Chanyeol POVThe stage is too crowded. I love this feeling, love being here right now and love being myself. They are yelling my name, they love me and they will forever, right? I don't need anything more. This is enough for me...
In the past
School sucks. They, again, are laughing at my ears and my low voice. They follow me down the hall and can't stop laughing. OMG I really DISLIKE them. Can they just shut up? Why those kiddos care too much about my appearance? They get on my nerves all the time and sometimes I just want to punch them in their face, but I don't have to. Because I know that one day they will regret about it.Mom wakes me up early every Sunday so I can have enough time to prepare for church. I don't even know why I have to dress up so nicely. Mom said you need to look nice so you can impress the girls at church. "Do I look like I care about them, mom?". No! Then my sister yells "He only cares about Dara", she is saying it again...
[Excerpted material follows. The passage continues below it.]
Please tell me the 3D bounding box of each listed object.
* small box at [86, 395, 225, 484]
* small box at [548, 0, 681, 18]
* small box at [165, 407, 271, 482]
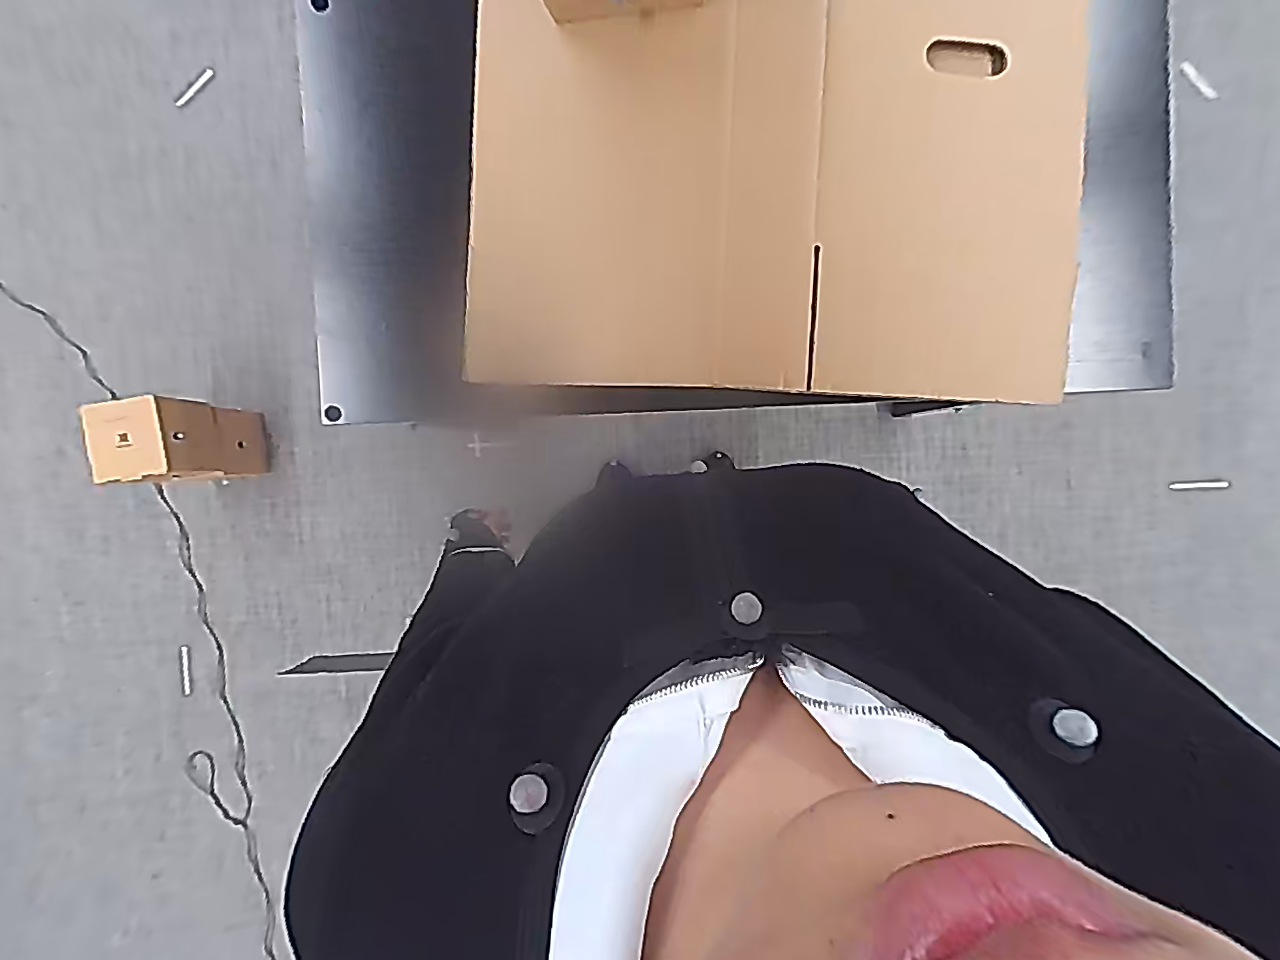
[{"bbox_3d":[-1.120,-0.092,1.265,0.168,0.176,0.179,-9,91,0],"label":"small box"},{"bbox_3d":[-0.027,-0.595,0.516,0.179,0.176,0.168,4,92,13],"label":"small box"},{"bbox_3d":[-1.118,-0.091,1.428,0.168,0.176,0.179,-6,93,1],"label":"small box"}]

It's a rainy day. The church is the same for every week, but it's different this time. I have never seen that girl here. She looks attractive and... pretty. What should I do? I want to talk to her so badly. She is walking toward me. I can't breath. "Hi, can I sit here?", is she talking to me? Yes, she is Chanyeol! Wake yourself up and answer her! "Yeah, of course, not why? I mean, why not?" Stupid Chanyeol! "What's your name?" What did she just say? "What did you just say?" "What's your name?" "Oh, Park Chanyeol" breath Chanyeol breath. "I'm Megan!" " Nice to meet you, Megan". It's a beautiful name and she is too. But now it becomes awkward. I don't know what to say. What happen to you Chanyeol? You are always so active, but why can you say something? I lost my chance. After that day, she doesn't come and talk to me anymore. Stupid Chanyeol, stupid, stupid, stupid.... I wish I can repeat that word again and again.
In present
"Can you tell us about your first love story?" My first love story? Is it about Megan? Should I talk about Megan here on the radio show? I still remember her, remember her beautiful smile. The words just come out of my mouth without control "Of course, there is a girl who used to come to my church. I like her from the first sign, but I couldn't talk to her. I still really like her. Her name is... Megan". Suddenly D.O asks me "I have never heard you talk about that girl". That's true. I have never told anybody about Megan but now since I'm famous maybe I can find her, my first love. "I didn't talk about her because I know that you would fall in love with her right after that" that answer makes D.O look at me like what the heck are you talking about. It's fun though. The host now asks D.O "So D.O, what type of girl do you like?". Hurry up and answer it D.O! I want to hear your answer. But I think I've already known the answer; he probably likes somebody who is pretty like Miss Korean but shorter so he can hug her. I'm laughing in my mind until D.O's answer breaks the silence in the room, "I like girl who can eat a lot, so I can cook for her, not the one who always tries to stay so skinny". "Wow" did I just say it out loud? Yes, I did. He really likes that type of girl? I feel so curious now. Who will it be?It's raining so hard outside which makes me remember the first day I met Megan. I miss her and I really do. She didn't go to my church anymore after three months. I wish that she can hear the radio show today and remember me. "Hey Chanyeol, tell me more about that girl!". D.O looks so cute when he is being curious. His eyes wide open like a little kid who wants to know why the moon always follow him. "There is nothing much to say. It's a secret and one side love." My answer can't make his curious face disappear. "So where is she right now, Chanyeol?" This guy is being serious about this. I really want to answer his question, but I myself can't even answer it. "I don't know, D.O"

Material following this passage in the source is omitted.